TETENAL, while most folks here are more aware and on the ball than to act like Macs are not threatened at all, there are still a lot of people making noises about it in these forums. Note the thread in Applications started Thursday or Friday about "Is Antivirus A Waste Of Time?"

And I meant "bug" in the casual sense, not in the "software flaw" sense. I felt that this particular meaning should have come through quite clearly from the context.

[TETENAL]

Originally Posted by ghporter

Note the thread in Applications started Thursday or Friday about "Is Antivirus A Waste Of Time?"

And that's one of the threads I had in mind. Nobody was "smug" in this thread. People just mentioned that anti-virus software is not necessary since it searches for something it knows not to exist. That was not "smug" that was a statement of fact. You mentioned heuristics which might kick in under certain circumstances. That was also a valid opinion, but not more or less valid as the other one. To say Mac users are "smug" just pisses Mac users off and Mac users are the main audience of MacNN. So why are you doing this?

Originally Posted by ghporter

And I meant "bug" in the casual sense, not in the "software flaw" sense. I felt that this particular meaning should have come through quite clearly from the context.

I am not aware of any other meaning of "bug" in a casual sense. I'm not a native speaker.

[ghporter]

I see your point; my feeling was that one or two of the responses that were written as if they were authoritative on the subject dismissed the notion of using antivirus software so completely that it showed smugness on their part. Other threads in the past have included numerous and explicitly smug denials of the utility of antivirus software, now or even in the future, though I couldn't show you any particular one without doing quite a bit of searching.

I don't intend to piss anyone off. I DO intend to point out that NO software and in particular no modern OS is immune to attack. Some, like OS X, are far more robust and built in such a way that attacks are difficult to accomplish and have a lower probability of success, but that does not make them immune, just more robust.
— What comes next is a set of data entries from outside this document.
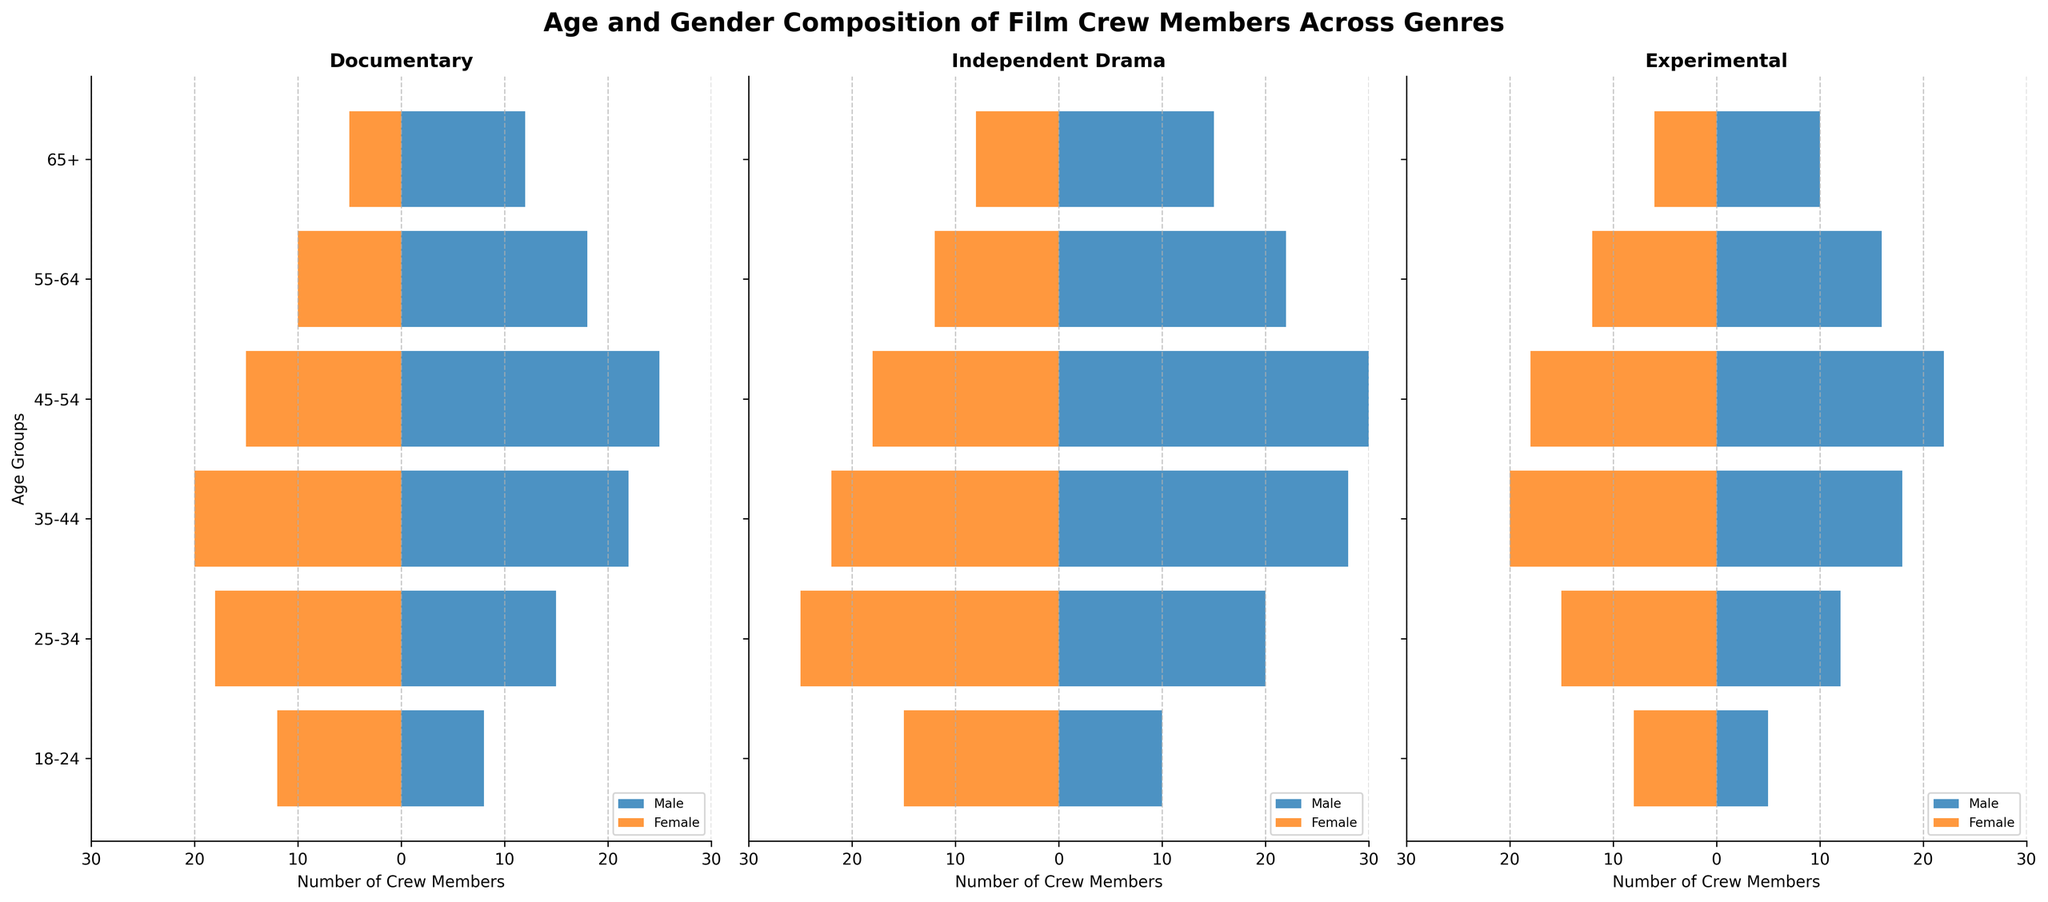What is the title of the figure? The title of the figure is located at the top of the plot and it provides a summary of the data presented.
Answer: Age and Gender Composition of Film Crew Members Across Genres What are the three genres included in the figure? The genres are labeled at the top of each subplot in the figure.
Answer: Documentary, Independent Drama, Experimental How many age groups are represented in the figure? Count the distinct age group labels along the y-axis of any subplot in the figure.
Answer: 6 Which age group has the highest number of female crew members in Independent Drama? Look at the bars extending to the left of the y-axis in the Independent Drama subplot and identify the longest bar.
Answer: 25-34 What is the difference between the number of male crew members and the number of female crew members aged 55-64 in Documentary? Find the heights of the male and female bars for the 55-64 age group in the Documentary subplot and calculate the difference.
Answer: 8 Is the number of crew members aged 65+ greater in Experimental or Documentary for males? Compare the length of the bars for the 65+ age group under males in the Experimental and Documentary subplots.
Answer: Documentary In which genre is the proportion of female crew members to male crew members highest for the 25-34 age group? Calculate the proportion of female to male crew members for the 25-34 age group for each genre and compare them.
Answer: Independent Drama Which age group has the smallest total number of crew members in Experimental? Sum the heights of the bars (both male and female) for each age group in the Experimental subplot and determine the smallest sum.
Answer: 65+ How does the number of male crew members aged 35-44 in Experimental compare to those aged 45-54 in the same genre? Compare the length of the male bars for the 35-44 and 45-54 age groups in the Experimental subplot.
Answer: Less For the genre with the most balanced number of male and female crew members aged 35-44, what are these numbers? Identify the genre where the male and female bars for the 35-44 age group are most similar in length and state these numbers.
Answer: Documentary, Male: 22, Female: 20

And considering that the mechanism Leap-A used for access to the user's machine involved some really silly social engineering, I dispair at what will happen in the future with well timed and well written malware. Mac users may not as a whole be "smug," but they are (again as a group) complascent.

Finally, in computer security circles, it is not uncommon to call malware a "bug" in the sense that it is an irritant (and it's frequently not immediately known what type of malware a particular problem is). Sorry for the confusion-I should know better than to use jargon outside its proper context.

[Gamoe]

Originally Posted by ghporter

I see your point; my feeling was that one or two of the responses that were written as if they were authoritative on the subject dismissed the notion of using antivirus software so completely that it showed smugness on their part. Other threads in the past have included numerous and explicitly smug denials of the utility of antivirus software, now or even in the future, though I couldn't show you any particular one without doing quite a bit of searching.
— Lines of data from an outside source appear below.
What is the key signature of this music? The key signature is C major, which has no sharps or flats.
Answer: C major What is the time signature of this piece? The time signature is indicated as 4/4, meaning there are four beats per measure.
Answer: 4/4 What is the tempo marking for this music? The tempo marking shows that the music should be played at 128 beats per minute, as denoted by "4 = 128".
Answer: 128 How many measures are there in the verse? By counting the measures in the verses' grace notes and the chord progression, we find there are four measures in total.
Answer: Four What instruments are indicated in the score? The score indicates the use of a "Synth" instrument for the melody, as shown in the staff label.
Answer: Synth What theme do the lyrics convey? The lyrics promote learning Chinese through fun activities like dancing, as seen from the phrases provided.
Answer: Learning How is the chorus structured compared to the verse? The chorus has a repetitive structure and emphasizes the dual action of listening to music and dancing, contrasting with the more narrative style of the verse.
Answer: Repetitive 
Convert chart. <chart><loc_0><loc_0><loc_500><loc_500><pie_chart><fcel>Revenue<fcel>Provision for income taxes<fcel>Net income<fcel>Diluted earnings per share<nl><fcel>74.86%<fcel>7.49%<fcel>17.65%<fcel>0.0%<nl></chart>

But you see, I don't consider myself smug, except to say that I DO believe my OS of choice is superior to the MS Windows OS. If I am being smug because of that, than so be it. However, I really don't see a need for anti-virus software now or in the past, and as long as Apple keeps doing its job right, there shouldn't be any need for it the future either. The scarcity of viruses on the Mac is one of the things I love about the platform, and one of the reasons I recommend it to others.

I wasted time and money back when I was a much newer Mac user running Virex and SAM[/i] (Symantec Anti-Virus for Mac, which was later plainly renamed as Norton AntiVirus for Macintosh) to "protect" when there was virtually nothing to be protected from. Later I realized that anti-virus apps were not necessary on the Mac, although the anti-virus companies love exaggerating and spreading FUD to make people think they do. That bugs me.

In addition, various publications write articles that seem to imply that the Mac is somehow as insecure as Windows or they write doomsday articles stating how "virus-writer" might soon be targeting the Mac en masse spelling out an end to the relative virus-free safe-haven that is the Mac. And that bugs me.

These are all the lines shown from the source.